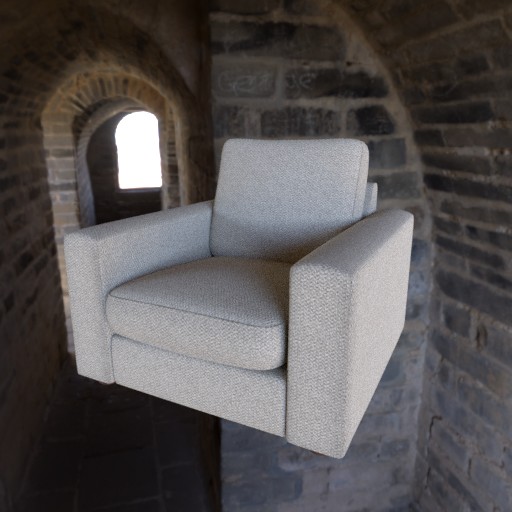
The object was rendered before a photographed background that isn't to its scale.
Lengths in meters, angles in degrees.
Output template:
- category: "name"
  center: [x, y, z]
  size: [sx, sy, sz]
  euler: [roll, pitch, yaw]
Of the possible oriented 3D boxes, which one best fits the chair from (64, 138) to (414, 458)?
- category: "chair"
  center: [0.000, 0.000, 1.702]
  size: [1.005, 0.873, 1.016]
  euler: [7, 16, 26]
-------------------------
_Requirement_
Give back the records above exactly, with no pictures.

_Output for this exercise_
The object was rendered before a photographed background that isn't to its scale.
Lengths in meters, angles in degrees.
Output template:
- category: "name"
  center: [x, y, z]
  size: [sx, sy, sz]
  euler: [roll, pitch, yaw]
Of the possible oriented 3D boxes, which one best fits the chair from (64, 138) to (414, 458)?
- category: "chair"
  center: [0.000, 0.000, 1.702]
  size: [1.005, 0.873, 1.016]
  euler: [7, 16, 26]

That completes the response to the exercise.